Dopo aver confermato l’esclusione dei rappresentanti spagnoli dal Centro di Coordinamento Civile-Militare (CMCC) di Kiryat Gat, istituito per monitorare il cessate il fuoco entrato in vigore il 10 ottobre tra Israele e Hamas nella Striscia di Gaza, il primo ministro israeliano Benjamin Netanyahu ha accusato Madrid di «ipocrisia» e «ostilità» nei confronti dello Stato ebraico. «La Spagna ha ripetutamente scelto di schierarsi contro Israele. Chi ci attacca invece di contrastare i regimi terroristici non sarà nostro partner nel plasmare il futuro della regione», ha dichiarato Bibi in un videomessaggio.
Pedro Sanchez (Imagoeconomica).
Sa’ar: «Ossessione anti-israeliana del governo Sanchez»

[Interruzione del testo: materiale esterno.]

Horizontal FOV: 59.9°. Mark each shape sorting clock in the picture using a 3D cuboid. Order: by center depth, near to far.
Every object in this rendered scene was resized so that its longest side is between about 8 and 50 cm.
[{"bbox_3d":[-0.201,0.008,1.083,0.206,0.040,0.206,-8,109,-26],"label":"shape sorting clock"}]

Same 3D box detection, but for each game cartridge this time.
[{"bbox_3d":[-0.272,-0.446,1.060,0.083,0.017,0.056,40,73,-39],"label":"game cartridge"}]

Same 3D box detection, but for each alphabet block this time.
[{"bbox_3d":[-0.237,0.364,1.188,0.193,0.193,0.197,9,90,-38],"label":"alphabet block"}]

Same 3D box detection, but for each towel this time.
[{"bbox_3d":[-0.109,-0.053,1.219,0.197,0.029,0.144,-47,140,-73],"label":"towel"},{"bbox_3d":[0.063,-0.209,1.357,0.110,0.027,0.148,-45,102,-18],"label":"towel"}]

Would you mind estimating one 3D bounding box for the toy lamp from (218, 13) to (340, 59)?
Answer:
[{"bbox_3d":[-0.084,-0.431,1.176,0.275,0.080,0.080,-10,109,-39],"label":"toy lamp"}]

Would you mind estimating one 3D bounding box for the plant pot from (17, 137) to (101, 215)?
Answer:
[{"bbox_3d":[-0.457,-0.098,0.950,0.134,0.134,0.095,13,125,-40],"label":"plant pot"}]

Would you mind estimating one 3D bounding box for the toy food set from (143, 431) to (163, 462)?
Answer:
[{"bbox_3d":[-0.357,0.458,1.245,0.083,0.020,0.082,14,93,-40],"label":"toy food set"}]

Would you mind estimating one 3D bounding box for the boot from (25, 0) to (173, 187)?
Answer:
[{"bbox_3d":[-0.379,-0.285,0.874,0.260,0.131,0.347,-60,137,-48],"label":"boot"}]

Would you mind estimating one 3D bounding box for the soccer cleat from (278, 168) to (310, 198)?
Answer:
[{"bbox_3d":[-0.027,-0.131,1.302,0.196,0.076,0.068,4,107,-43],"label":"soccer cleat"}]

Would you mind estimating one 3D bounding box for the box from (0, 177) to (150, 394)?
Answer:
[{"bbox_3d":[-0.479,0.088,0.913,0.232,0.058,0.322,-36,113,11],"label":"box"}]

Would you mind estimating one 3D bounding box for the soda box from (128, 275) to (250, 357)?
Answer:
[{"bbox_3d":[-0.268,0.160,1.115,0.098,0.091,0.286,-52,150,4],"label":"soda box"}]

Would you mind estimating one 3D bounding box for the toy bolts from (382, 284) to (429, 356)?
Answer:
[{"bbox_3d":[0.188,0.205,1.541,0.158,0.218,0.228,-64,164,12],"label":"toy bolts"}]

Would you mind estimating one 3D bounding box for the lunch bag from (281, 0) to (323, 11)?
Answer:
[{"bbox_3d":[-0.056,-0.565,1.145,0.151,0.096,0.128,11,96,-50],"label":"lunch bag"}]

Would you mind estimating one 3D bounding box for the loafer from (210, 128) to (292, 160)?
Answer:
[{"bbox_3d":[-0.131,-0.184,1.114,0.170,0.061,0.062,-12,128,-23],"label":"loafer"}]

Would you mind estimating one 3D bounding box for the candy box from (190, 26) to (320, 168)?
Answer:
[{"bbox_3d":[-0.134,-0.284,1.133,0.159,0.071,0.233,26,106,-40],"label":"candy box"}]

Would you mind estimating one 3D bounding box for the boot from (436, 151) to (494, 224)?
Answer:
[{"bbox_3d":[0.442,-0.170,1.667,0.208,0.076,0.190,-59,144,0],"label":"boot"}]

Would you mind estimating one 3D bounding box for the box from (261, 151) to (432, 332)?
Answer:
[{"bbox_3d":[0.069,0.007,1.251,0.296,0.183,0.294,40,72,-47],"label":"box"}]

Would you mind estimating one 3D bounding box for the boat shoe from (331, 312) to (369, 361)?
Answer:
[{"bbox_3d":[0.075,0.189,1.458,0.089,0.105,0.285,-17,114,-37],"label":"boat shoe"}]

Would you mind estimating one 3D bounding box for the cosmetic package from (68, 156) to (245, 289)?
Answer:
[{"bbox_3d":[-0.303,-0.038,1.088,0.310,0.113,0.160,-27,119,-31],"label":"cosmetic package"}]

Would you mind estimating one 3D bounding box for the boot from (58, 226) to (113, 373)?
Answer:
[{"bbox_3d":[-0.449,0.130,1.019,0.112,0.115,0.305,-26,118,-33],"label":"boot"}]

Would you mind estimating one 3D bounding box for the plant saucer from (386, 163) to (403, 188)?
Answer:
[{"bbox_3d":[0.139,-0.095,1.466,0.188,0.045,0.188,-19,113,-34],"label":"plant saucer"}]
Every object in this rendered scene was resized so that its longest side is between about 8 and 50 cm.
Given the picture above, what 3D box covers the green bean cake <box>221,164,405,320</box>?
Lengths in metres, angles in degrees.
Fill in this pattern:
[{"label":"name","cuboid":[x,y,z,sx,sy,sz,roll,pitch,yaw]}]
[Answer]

Ad annunciare l’esclusione della Spagna dal centro multinazionale che sovrintende al cessate il fuoco a Gaza era stato il ministro degli Esteri israeliano Gideon Sa’ar. «Il governo Sanchez ha un pregiudizio anti-israeliano così palese da aver perso ogni capacità di essere un attore utile nell’attuazione del piano di pace del presidente Trump e nel centro CMCC che opera nell’ambito di tale piano», aveva spiegato Sa’ar, riferendosi al rifiuto da parte del premier spagnolo di concedere agli Stati Uniti l’uso delle basi militari di Rota e Morón de la Frontera per operazioni di attacco contro l’Iran. Il ministro del governo di Tel Aviv, parlando di «ossessione anti-israeliana», aveva inoltre sottolineato che Washington era già a conoscenza della decisione. Una decisione, questa, che Donald Trump aveva messo in chiaro di non aver gradito.